Task description: Wherever "pitch" appears in the records below, copy the line that holds it.
------ Data extracts
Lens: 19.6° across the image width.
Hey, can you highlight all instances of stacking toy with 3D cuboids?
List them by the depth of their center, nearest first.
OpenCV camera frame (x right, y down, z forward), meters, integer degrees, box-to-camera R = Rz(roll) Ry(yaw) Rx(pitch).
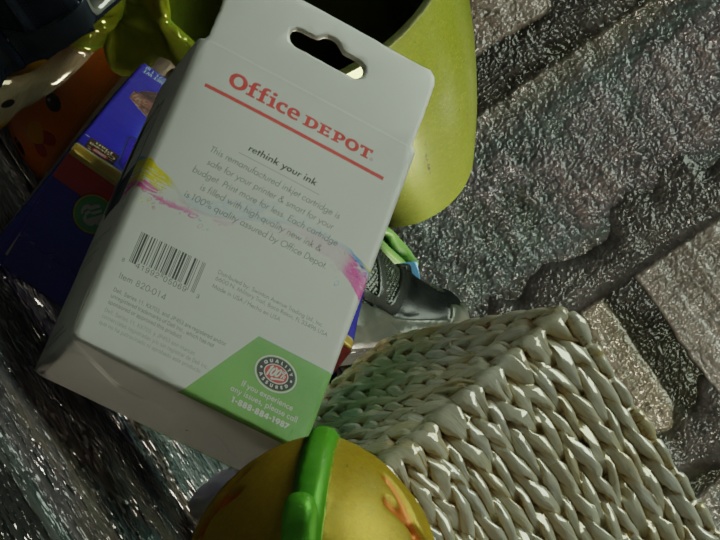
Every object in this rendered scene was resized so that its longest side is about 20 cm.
[{"bbox_3d":[-0.217,-0.155,1.298,0.200,0.146,0.146,38,3,-6],"label":"stacking toy"}]

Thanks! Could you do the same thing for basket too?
[{"bbox_3d":[0.053,0.143,1.057,0.199,0.161,0.200,56,-29,-11],"label":"basket"}]

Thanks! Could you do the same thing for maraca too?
[{"bbox_3d":[-0.022,0.134,0.837,0.200,0.106,0.138,-40,131,-85],"label":"maraca"}]

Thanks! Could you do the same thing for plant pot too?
[{"bbox_3d":[-0.003,-0.120,1.293,0.187,0.187,0.200,57,-2,41],"label":"plant pot"}]

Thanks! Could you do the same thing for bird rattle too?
[{"bbox_3d":[-0.172,-0.153,1.129,0.113,0.163,0.200,43,-7,19],"label":"bird rattle"}]

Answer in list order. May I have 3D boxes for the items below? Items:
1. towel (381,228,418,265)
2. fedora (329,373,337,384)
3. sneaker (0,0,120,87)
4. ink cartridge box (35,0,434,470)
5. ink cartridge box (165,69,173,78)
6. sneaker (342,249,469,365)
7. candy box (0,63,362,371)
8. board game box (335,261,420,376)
[{"bbox_3d":[-0.076,-0.031,1.461,0.149,0.199,0.031,39,55,-39],"label":"towel"},{"bbox_3d":[-0.088,0.040,1.369,0.177,0.090,0.200,58,0,20],"label":"fedora"},{"bbox_3d":[-0.198,-0.169,1.017,0.203,0.146,0.077,56,2,27],"label":"sneaker"},{"bbox_3d":[-0.053,-0.023,0.954,0.117,0.201,0.067,27,-25,-13],"label":"ink cartridge box"},{"bbox_3d":[-0.129,-0.180,1.440,0.200,0.048,0.146,60,-17,25],"label":"ink cartridge box"},{"bbox_3d":[0.000,0.000,1.291,0.199,0.076,0.115,0,73,-57],"label":"sneaker"},{"bbox_3d":[-0.084,-0.013,1.084,0.169,0.077,0.200,36,17,-7],"label":"candy box"},{"bbox_3d":[-0.005,0.088,1.461,0.200,0.040,0.154,-27,-107,63],"label":"board game box"}]
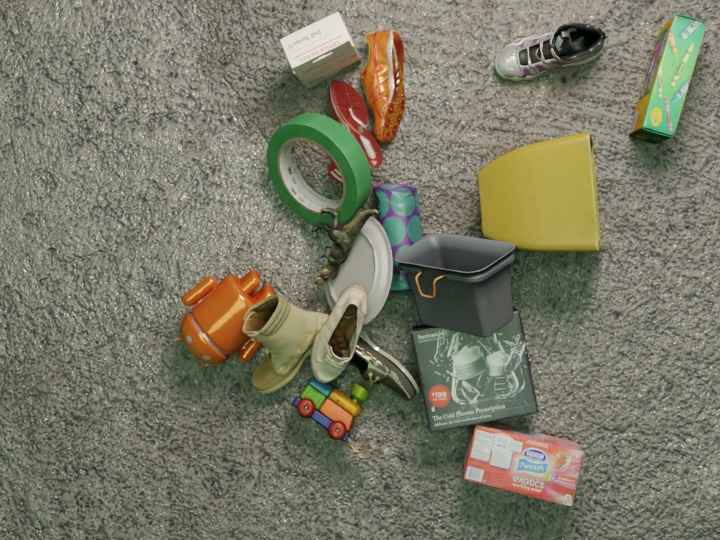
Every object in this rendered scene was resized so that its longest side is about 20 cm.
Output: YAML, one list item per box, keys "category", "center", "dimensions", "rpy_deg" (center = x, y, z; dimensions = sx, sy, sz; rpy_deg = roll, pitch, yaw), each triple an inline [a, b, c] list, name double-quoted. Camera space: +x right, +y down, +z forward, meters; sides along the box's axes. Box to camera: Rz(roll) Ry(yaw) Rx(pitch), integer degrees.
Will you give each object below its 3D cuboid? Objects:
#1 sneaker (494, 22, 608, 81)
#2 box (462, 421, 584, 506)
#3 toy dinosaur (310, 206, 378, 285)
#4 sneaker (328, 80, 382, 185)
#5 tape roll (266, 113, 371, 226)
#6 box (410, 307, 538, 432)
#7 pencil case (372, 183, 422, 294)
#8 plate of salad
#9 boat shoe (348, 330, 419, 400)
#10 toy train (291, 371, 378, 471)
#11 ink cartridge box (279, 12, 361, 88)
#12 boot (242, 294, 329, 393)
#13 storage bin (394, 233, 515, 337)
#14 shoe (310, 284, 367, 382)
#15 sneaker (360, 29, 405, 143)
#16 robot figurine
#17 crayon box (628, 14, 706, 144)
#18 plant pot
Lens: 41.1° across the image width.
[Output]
- category: "sneaker"
  center: [0.333, -0.391, 1.675]
  dimensions: [0.198, 0.140, 0.079]
  rpy_deg: [-16, 91, 4]
- category: "box"
  center: [0.288, 0.340, 1.723]
  dimensions: [0.197, 0.095, 0.104]
  rpy_deg: [13, 93, 4]
- category: "toy dinosaur"
  center: [-0.041, -0.065, 1.689]
  dimensions: [0.088, 0.047, 0.201]
  rpy_deg: [44, 128, 11]
- category: "sneaker"
  center: [-0.037, -0.239, 1.742]
  dimensions: [0.116, 0.078, 0.202]
  rpy_deg: [-44, 51, 40]
- category: "tape roll"
  center: [-0.074, -0.176, 1.699]
  dimensions: [0.199, 0.048, 0.202]
  rpy_deg: [22, 132, 26]
- category: "box"
  center: [0.202, 0.176, 1.721]
  dimensions: [0.197, 0.104, 0.185]
  rpy_deg: [-12, 90, 5]
- category: "pencil case"
  center: [0.069, -0.056, 1.735]
  dimensions: [0.084, 0.092, 0.203]
  rpy_deg: [-5, 91, -39]
- category: "plate of salad"
  center: [0.000, 0.000, 1.717]
  dimensions: [0.048, 0.199, 0.203]
  rpy_deg: [5, 93, -38]
- category: "boat shoe"
  center: [0.019, 0.171, 1.745]
  dimensions: [0.201, 0.072, 0.060]
  rpy_deg: [41, 63, 8]
- category: "toy train"
  center: [-0.018, 0.260, 1.759]
  dimensions: [0.199, 0.085, 0.116]
  rpy_deg: [35, 81, 3]
- category: "ink cartridge box"
  center: [-0.069, -0.386, 1.678]
  dimensions: [0.116, 0.200, 0.068]
  rpy_deg: [-24, 90, 5]
- category: "boot"
  center: [-0.161, 0.132, 1.712]
  dimensions: [0.200, 0.155, 0.073]
  rpy_deg: [-42, 49, 20]
- category: "storage bin"
  center: [0.165, 0.033, 1.633]
  dimensions: [0.145, 0.199, 0.136]
  rpy_deg: [-30, 116, -37]
- category: "shoe"
  center: [-0.040, 0.119, 1.672]
  dimensions: [0.069, 0.054, 0.202]
  rpy_deg: [16, 117, -10]
- category: "sneaker"
  center: [0.038, -0.332, 1.747]
  dimensions: [0.076, 0.073, 0.203]
  rpy_deg: [2, 90, 28]
- category: "robot figurine"
  center: [-0.244, 0.090, 1.749]
  dimensions: [0.200, 0.144, 0.117]
  rpy_deg: [-42, 53, 4]
- category: "crayon box"
  center: [0.532, -0.330, 1.672]
  dimensions: [0.058, 0.119, 0.203]
  rpy_deg: [16, 93, 4]
- category: "plant pot"
  center: [0.310, -0.124, 1.669]
  dimensions: [0.197, 0.195, 0.197]
  rpy_deg: [-5, 91, 17]
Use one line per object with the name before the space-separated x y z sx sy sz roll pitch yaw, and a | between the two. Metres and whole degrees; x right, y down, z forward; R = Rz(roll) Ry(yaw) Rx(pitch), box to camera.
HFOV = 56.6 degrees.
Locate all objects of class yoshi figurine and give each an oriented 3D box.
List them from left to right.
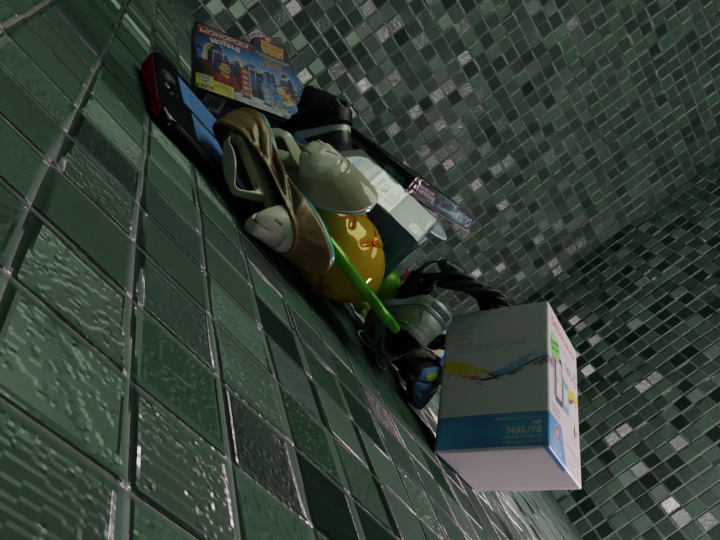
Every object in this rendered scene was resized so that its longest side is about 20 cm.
yoshi figurine | 0.013 0.009 1.017 0.113 0.112 0.200 61 8 -10

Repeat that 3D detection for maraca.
maraca | -0.018 -0.010 0.787 0.200 0.107 0.137 53 4 -9

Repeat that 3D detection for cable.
cable | 0.131 0.058 0.972 0.163 0.051 0.200 17 -35 -3

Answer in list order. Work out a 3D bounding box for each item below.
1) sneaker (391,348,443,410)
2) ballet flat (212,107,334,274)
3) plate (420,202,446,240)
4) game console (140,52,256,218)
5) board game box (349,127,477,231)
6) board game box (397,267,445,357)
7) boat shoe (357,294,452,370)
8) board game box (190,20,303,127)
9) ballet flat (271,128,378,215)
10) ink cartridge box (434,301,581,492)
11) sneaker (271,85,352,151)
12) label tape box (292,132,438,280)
sneaker | 0.078 0.144 0.964 0.083 0.071 0.200 34 5 4
ballet flat | -0.099 -0.079 0.697 0.072 0.068 0.200 -20 83 -46
plate | 0.051 -0.113 0.970 0.200 0.026 0.200 35 10 -7
game console | -0.171 -0.146 0.766 0.200 0.031 0.177 49 6 -40
board game box | 0.074 -0.125 0.952 0.135 0.028 0.200 44 12 33
board game box | 0.088 0.086 1.189 0.103 0.105 0.200 51 4 -15
boat shoe | 0.042 0.091 0.893 0.075 0.086 0.202 48 -24 -12
board game box | -0.176 -0.302 1.053 0.200 0.062 0.200 14 49 -31
ballet flat | -0.066 -0.118 0.739 0.200 0.070 0.069 24 -14 34
ink cartridge box | 0.199 0.169 0.886 0.147 0.146 0.200 49 40 -42
sneaker | -0.088 -0.197 0.927 0.200 0.112 0.073 7 1 35
label tape box | -0.020 -0.079 0.866 0.200 0.144 0.063 43 48 1
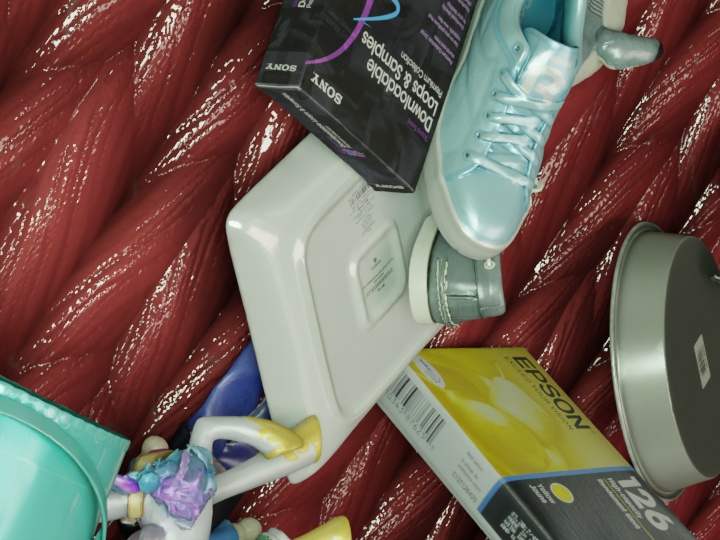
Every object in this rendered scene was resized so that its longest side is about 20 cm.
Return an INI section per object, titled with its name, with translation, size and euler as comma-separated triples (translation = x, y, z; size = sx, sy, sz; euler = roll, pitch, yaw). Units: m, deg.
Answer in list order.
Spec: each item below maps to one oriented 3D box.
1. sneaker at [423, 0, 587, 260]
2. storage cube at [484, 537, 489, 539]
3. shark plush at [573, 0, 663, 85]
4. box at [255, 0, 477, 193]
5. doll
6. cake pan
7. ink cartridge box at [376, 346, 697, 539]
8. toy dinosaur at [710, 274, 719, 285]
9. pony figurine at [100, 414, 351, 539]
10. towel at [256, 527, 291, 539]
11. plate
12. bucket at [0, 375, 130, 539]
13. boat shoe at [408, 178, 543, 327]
[sneaker]
translation = 0.091, -0.107, 1.607
size = 0.074, 0.082, 0.200
euler = 16, 71, -20
[storage cube]
translation = 0.153, 0.273, 1.867
size = 0.200, 0.180, 0.171
euler = -41, 157, -27
[shark plush]
translation = 0.096, -0.150, 1.709
size = 0.200, 0.091, 0.083
euler = -22, 104, -26
[box]
translation = 0.016, -0.164, 1.570
size = 0.143, 0.036, 0.200
euler = 38, 66, -52
[doll]
translation = -0.094, 0.127, 1.641
size = 0.200, 0.048, 0.136
euler = -52, 141, -14
[cake pan]
translation = 0.226, 0.063, 1.903
size = 0.200, 0.037, 0.200
euler = -5, 90, -66
[ink cartridge box]
translation = 0.131, 0.128, 1.781
size = 0.200, 0.198, 0.047
euler = -2, 132, -47
[toy dinosaur]
translation = 0.293, -0.046, 1.932
size = 0.086, 0.200, 0.136
euler = 7, 117, -10
[pony figurine]
translation = -0.109, 0.171, 1.541
size = 0.200, 0.167, 0.193
euler = -3, 79, -17
[towel]
translation = -0.103, 0.261, 1.701
size = 0.200, 0.031, 0.149
euler = -49, 155, -13
[plate]
translation = 0.000, 0.000, 1.642
size = 0.200, 0.032, 0.200
euler = -46, 135, -42
[bucket]
translation = -0.224, 0.109, 1.371
size = 0.207, 0.207, 0.135
euler = 31, 83, -52
[boat shoe]
translation = 0.084, -0.037, 1.684
size = 0.200, 0.062, 0.073
euler = -66, 151, -47
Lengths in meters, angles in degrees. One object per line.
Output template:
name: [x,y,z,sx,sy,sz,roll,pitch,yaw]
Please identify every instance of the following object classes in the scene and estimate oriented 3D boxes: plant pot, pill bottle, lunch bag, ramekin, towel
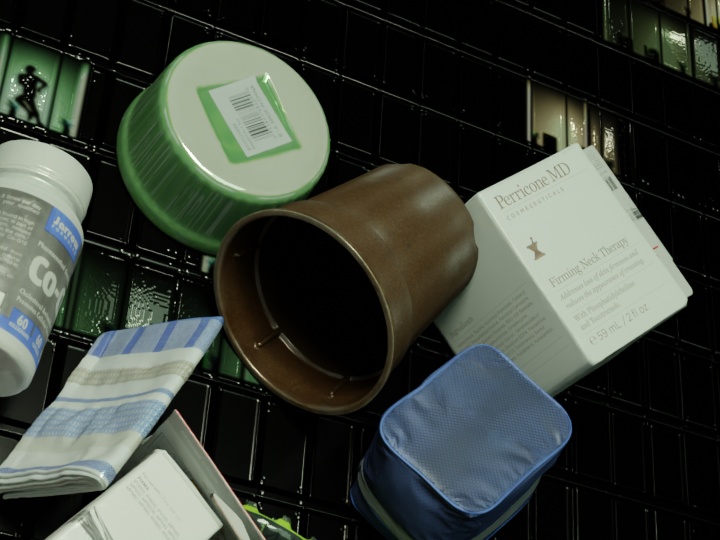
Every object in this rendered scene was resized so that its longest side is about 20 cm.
------------
Exercise output:
OpenCV camera frame (x right, y down, z forward), meters, integer degrees, box-to-camera R = Rz(roll) Ry(yaw) Rx(pitch).
Output: YAML, one list item per box, keys "category", "center", "dimensions", "rpy_deg" (center = x, y, z; dimensions = sx, sy, sz; rpy_deg = roll, pitch, yaw), each triple an inline [a, b, c] list, name double-quoted. Camera space: +x right, +y down, +z forward, meters; sides along the box's axes. Box to camera: Rz(roll) Ry(yaw) Rx(pitch), integer degrees.
Use one line per object with the name before the space-separated x y z sx sy sz roll pitch yaw, and a | between the two. Metres and whole degrees; x right, y down, z forward; R = Rz(roll) Ry(yaw) Rx(pitch), box to camera.
Return an INI section per object, titled with its name, with translation, size and euler as comma-separated triples (translation = x, y, z; size = sx, sy, sz; euler = roll, pitch, yaw). Units: m, deg.
name: [x,y,z,sx,sy,sz,roll,pitch,yaw]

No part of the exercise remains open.